那須湯本は 1915 m の茶臼岳山腹に点在する那須温泉郷の中で最も歴史のある温泉で、奈良時代には都から小野朝臣らが湯治に訪れるなど、その名の知られた温泉であったことがうかがえる。九尾の狐伝説で有名な殺生石のすぐ近くにあるが、このお話は江戸時代の読本や浄瑠璃のお話である。
松川屋は那須街道から 1 本道を折れ、山の高低差をうまく利用した立地にあり、湯本の温泉街を、さらには平野部まで見渡せる景観が売りとなっている。20 人は余裕で入れる広々とした内湯は、湯口が 2 ヵ所あり、鹿の湯と行人の湯の混合泉が静かにかけ流されていた。仕切りにより大小に分けられていたが、小さい方はやや熱く、黄色っぽく、大きい方は適温で、青白い色に濁っていた。透明度は 12 cm ほど。展望抜群の露天風呂は 2~3 人サイズのこじんまりとしたもので、こちらもかけ流し。
那須街道沿いには鄙びた趣のこじんまりとした民宿が多く、いずれも素晴らしいが、広々とした風呂がいいのなら松川屋をお勧めする。
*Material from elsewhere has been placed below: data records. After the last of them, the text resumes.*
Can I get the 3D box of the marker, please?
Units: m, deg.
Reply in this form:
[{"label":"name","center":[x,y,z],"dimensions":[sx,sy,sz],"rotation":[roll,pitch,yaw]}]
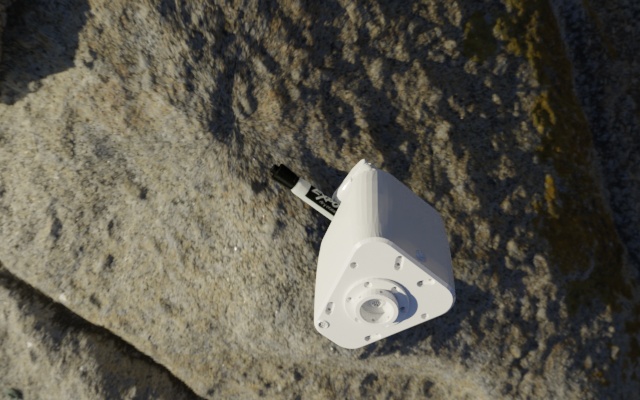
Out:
[{"label":"marker","center":[0.000,0.002,0.484],"dimensions":[0.121,0.020,0.020],"rotation":[35,-10,-14]}]
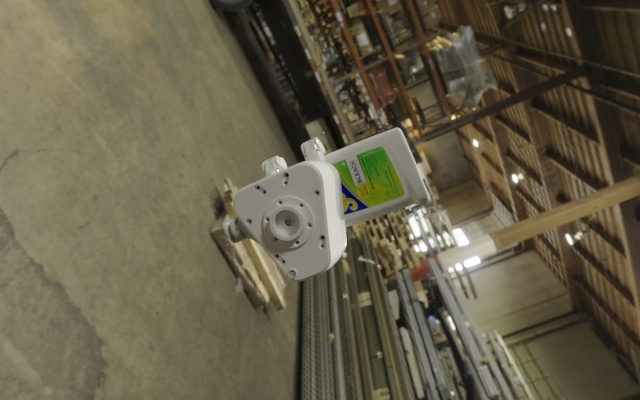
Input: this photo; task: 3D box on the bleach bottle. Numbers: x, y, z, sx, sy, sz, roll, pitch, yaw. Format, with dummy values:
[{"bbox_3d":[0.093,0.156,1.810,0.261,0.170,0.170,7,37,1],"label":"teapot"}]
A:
[{"bbox_3d":[0.000,0.002,0.600,0.251,0.102,0.068,-23,-1,10],"label":"bleach bottle"}]
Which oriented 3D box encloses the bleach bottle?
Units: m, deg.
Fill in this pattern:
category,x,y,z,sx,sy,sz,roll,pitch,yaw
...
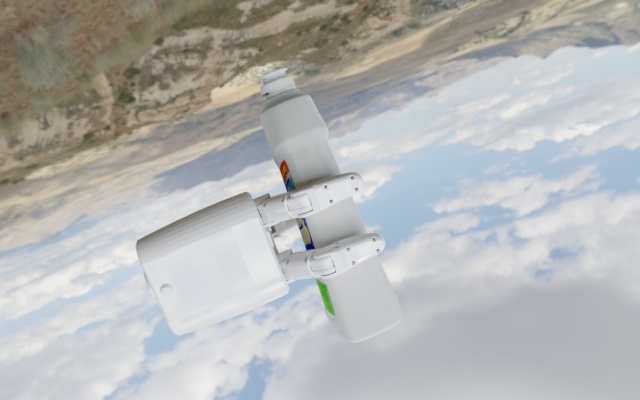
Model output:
category,x,y,z,sx,sy,sz,roll,pitch,yaw
bleach bottle,0.000,0.002,0.454,0.068,0.251,0.102,-22,9,-9
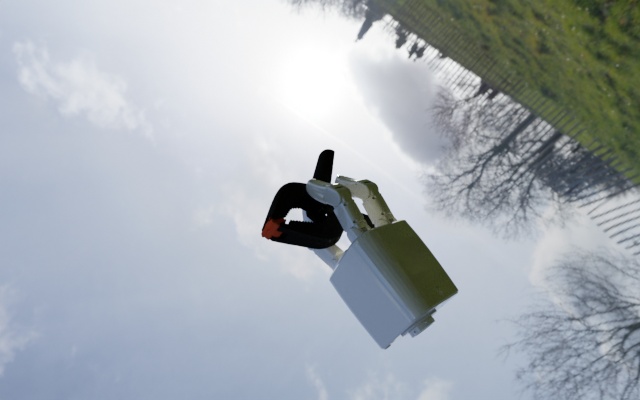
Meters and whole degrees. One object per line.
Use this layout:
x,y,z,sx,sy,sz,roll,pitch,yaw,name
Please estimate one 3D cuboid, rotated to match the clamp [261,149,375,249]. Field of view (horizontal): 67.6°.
-0.001,0.003,0.600,0.210,0.164,0.036,-11,-33,-48,clamp
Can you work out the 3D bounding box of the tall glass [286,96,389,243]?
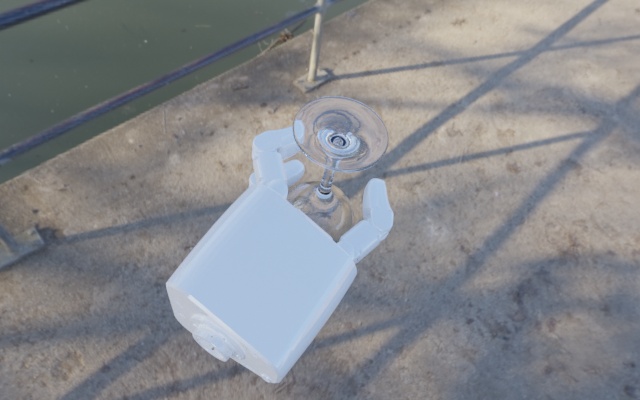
[{"bbox_3d":[0.000,0.001,0.444,0.079,0.079,0.201,0,-32,-10],"label":"tall glass"}]
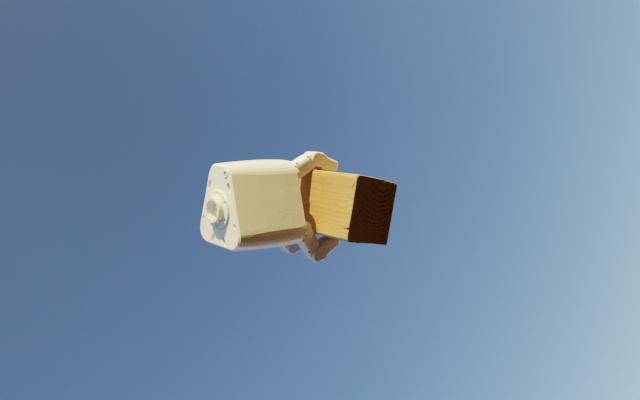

このサイズの湯舟を満たして十二分な存在感を示す那須の湯はやはり名湯である。
(2020 年 11 月)
◆源泉情報◆
源泉名:鹿の湯・行人の湯混合泉
泉質:酸性-単純硫黄泉
泉温:53.7℃
成分:pH2.4、溶存物質 975.4 mg/kg、主要な成分は以下の通り(いずれも mg)。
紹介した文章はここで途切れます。